## Exercise directions:
Give again, exactly as written, each line of the material below starting at the line that contains "3) trailer (770,810,863,866)" and ending at the line that contains "Can you give". Both ends count, and no other line does.

*** Recorded information Section Begins ***

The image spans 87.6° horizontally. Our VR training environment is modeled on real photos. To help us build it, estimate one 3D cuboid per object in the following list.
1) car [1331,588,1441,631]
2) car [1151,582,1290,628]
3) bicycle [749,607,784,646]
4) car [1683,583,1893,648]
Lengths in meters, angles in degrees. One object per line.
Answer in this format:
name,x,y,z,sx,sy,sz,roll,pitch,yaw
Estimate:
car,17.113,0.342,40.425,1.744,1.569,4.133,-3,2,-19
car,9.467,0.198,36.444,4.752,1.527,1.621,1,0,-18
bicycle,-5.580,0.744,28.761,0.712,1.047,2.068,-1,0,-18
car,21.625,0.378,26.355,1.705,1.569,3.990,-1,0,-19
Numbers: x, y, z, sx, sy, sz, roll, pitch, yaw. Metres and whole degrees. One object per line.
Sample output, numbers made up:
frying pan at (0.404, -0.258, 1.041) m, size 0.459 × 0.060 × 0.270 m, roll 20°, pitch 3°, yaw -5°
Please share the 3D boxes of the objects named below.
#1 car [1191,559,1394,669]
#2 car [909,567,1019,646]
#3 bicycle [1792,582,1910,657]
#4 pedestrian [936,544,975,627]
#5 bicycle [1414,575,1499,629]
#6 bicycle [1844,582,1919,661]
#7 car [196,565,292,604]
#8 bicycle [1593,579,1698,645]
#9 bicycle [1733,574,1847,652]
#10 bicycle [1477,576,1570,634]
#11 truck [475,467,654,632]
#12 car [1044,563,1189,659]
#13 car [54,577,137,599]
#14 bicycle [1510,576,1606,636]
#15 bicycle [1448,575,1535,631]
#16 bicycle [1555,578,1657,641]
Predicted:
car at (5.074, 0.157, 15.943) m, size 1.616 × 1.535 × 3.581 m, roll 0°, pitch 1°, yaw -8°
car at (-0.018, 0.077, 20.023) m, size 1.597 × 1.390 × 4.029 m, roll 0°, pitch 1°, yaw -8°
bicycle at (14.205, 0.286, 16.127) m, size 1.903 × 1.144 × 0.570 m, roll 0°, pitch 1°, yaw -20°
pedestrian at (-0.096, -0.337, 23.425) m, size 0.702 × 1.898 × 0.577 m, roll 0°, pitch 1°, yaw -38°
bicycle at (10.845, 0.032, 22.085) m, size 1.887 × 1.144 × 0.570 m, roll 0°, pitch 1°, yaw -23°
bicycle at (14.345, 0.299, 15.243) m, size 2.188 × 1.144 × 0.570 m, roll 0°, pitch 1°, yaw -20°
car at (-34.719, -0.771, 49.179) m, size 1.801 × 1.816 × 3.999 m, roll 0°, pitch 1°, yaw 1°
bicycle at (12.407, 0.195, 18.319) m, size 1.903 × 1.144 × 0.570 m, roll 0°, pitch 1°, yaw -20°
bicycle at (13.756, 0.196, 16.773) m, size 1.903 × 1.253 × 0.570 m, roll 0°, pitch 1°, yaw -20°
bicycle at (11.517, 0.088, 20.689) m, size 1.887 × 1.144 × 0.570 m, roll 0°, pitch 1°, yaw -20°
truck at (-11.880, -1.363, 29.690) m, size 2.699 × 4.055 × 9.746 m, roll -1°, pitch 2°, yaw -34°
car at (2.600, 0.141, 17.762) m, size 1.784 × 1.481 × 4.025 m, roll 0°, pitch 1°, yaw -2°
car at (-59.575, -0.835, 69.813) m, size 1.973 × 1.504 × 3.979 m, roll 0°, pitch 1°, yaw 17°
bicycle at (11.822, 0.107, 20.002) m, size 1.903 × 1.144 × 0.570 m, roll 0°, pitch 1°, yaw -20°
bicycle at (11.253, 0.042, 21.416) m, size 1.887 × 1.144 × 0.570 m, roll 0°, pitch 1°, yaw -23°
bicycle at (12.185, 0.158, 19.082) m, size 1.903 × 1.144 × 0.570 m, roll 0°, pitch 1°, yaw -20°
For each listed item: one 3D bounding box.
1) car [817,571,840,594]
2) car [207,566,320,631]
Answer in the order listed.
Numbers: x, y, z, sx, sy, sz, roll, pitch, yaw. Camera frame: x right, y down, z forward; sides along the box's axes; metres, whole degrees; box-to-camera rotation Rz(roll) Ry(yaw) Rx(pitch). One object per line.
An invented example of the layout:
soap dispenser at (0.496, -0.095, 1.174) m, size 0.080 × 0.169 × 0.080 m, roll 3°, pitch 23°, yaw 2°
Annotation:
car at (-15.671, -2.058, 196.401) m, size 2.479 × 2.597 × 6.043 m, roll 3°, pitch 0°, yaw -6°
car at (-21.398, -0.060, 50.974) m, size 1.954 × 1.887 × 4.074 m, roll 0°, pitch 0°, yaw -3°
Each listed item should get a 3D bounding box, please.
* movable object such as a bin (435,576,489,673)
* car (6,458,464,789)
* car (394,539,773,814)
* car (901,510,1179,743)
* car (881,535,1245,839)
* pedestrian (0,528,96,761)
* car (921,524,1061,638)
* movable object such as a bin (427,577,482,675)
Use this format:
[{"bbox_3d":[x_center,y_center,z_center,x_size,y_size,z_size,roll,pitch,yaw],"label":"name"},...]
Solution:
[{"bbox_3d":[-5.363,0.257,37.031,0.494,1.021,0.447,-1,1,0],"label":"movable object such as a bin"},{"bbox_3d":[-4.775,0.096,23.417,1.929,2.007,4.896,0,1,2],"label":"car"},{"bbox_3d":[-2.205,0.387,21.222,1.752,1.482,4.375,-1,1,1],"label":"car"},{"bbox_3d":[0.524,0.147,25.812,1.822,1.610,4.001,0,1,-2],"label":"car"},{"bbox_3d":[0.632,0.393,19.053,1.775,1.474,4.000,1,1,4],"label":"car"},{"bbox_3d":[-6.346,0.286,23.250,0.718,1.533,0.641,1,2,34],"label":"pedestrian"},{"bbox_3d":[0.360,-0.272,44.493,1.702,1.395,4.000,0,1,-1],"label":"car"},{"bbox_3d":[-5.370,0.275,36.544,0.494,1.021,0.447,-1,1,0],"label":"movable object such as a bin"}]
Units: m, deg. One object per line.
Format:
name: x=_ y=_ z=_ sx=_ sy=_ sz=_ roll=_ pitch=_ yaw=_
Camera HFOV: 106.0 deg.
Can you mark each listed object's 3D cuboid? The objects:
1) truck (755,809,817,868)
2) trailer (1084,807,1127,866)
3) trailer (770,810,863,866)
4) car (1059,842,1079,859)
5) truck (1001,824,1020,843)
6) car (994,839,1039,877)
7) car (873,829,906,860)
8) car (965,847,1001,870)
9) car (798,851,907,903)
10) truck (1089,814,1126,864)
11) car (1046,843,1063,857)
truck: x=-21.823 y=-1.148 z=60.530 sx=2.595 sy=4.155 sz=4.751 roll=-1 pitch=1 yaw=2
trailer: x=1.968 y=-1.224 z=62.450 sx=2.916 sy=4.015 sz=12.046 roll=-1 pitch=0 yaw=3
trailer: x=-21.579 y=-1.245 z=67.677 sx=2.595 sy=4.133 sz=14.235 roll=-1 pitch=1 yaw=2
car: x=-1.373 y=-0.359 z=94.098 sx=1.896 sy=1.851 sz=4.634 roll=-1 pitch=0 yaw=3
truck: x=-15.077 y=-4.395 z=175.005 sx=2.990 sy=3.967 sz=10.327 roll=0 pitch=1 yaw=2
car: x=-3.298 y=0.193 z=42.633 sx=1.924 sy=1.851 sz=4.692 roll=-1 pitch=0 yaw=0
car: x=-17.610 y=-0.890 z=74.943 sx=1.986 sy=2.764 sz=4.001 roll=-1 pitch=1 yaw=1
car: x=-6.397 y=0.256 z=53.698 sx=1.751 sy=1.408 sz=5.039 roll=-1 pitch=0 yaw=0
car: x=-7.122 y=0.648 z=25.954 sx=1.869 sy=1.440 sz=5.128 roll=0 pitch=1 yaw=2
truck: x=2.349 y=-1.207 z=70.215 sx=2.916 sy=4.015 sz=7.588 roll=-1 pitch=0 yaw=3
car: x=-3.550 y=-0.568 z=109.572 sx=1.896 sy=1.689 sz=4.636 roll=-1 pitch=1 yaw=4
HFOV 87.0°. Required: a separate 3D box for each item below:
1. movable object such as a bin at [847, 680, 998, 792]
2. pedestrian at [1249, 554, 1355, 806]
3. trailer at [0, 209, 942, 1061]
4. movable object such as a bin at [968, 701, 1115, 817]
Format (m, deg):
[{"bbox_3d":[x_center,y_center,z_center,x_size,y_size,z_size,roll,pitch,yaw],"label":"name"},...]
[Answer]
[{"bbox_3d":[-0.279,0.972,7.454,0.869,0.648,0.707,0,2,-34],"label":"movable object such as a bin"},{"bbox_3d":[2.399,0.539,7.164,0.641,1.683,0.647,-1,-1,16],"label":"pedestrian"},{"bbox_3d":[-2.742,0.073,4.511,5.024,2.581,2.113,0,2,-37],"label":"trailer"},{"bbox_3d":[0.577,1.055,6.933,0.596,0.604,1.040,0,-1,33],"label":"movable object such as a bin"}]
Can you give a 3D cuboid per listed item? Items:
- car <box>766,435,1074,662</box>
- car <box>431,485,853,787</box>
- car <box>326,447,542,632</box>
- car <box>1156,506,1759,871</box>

*** Recorded information Section Ends ***

## Output for this exercise:
3) trailer (770,810,863,866)
4) car (1059,842,1079,859)
5) truck (1001,824,1020,843)
6) car (994,839,1039,877)
7) car (873,829,906,860)
8) car (965,847,1001,870)
9) car (798,851,907,903)
10) truck (1089,814,1126,864)
11) car (1046,843,1063,857)
truck: x=-21.823 y=-1.148 z=60.530 sx=2.595 sy=4.155 sz=4.751 roll=-1 pitch=1 yaw=2
trailer: x=1.968 y=-1.224 z=62.450 sx=2.916 sy=4.015 sz=12.046 roll=-1 pitch=0 yaw=3
trailer: x=-21.579 y=-1.245 z=67.677 sx=2.595 sy=4.133 sz=14.235 roll=-1 pitch=1 yaw=2
car: x=-1.373 y=-0.359 z=94.098 sx=1.896 sy=1.851 sz=4.634 roll=-1 pitch=0 yaw=3
truck: x=-15.077 y=-4.395 z=175.005 sx=2.990 sy=3.967 sz=10.327 roll=0 pitch=1 yaw=2
car: x=-3.298 y=0.193 z=42.633 sx=1.924 sy=1.851 sz=4.692 roll=-1 pitch=0 yaw=0
car: x=-17.610 y=-0.890 z=74.943 sx=1.986 sy=2.764 sz=4.001 roll=-1 pitch=1 yaw=1
car: x=-6.397 y=0.256 z=53.698 sx=1.751 sy=1.408 sz=5.039 roll=-1 pitch=0 yaw=0
car: x=-7.122 y=0.648 z=25.954 sx=1.869 sy=1.440 sz=5.128 roll=0 pitch=1 yaw=2
truck: x=2.349 y=-1.207 z=70.215 sx=2.916 sy=4.015 sz=7.588 roll=-1 pitch=0 yaw=3
car: x=-3.550 y=-0.568 z=109.572 sx=1.896 sy=1.689 sz=4.636 roll=-1 pitch=1 yaw=4
HFOV 87.0°. Required: a separate 3D box for each item below:
1. movable object such as a bin at [847, 680, 998, 792]
2. pedestrian at [1249, 554, 1355, 806]
3. trailer at [0, 209, 942, 1061]
4. movable object such as a bin at [968, 701, 1115, 817]
Format (m, deg):
[{"bbox_3d":[x_center,y_center,z_center,x_size,y_size,z_size,roll,pitch,yaw],"label":"name"},...]
[Answer]
[{"bbox_3d":[-0.279,0.972,7.454,0.869,0.648,0.707,0,2,-34],"label":"movable object such as a bin"},{"bbox_3d":[2.399,0.539,7.164,0.641,1.683,0.647,-1,-1,16],"label":"pedestrian"},{"bbox_3d":[-2.742,0.073,4.511,5.024,2.581,2.113,0,2,-37],"label":"trailer"},{"bbox_3d":[0.577,1.055,6.933,0.596,0.604,1.040,0,-1,33],"label":"movable object such as a bin"}]
Can you give a 3D cuboid per listed item? Items:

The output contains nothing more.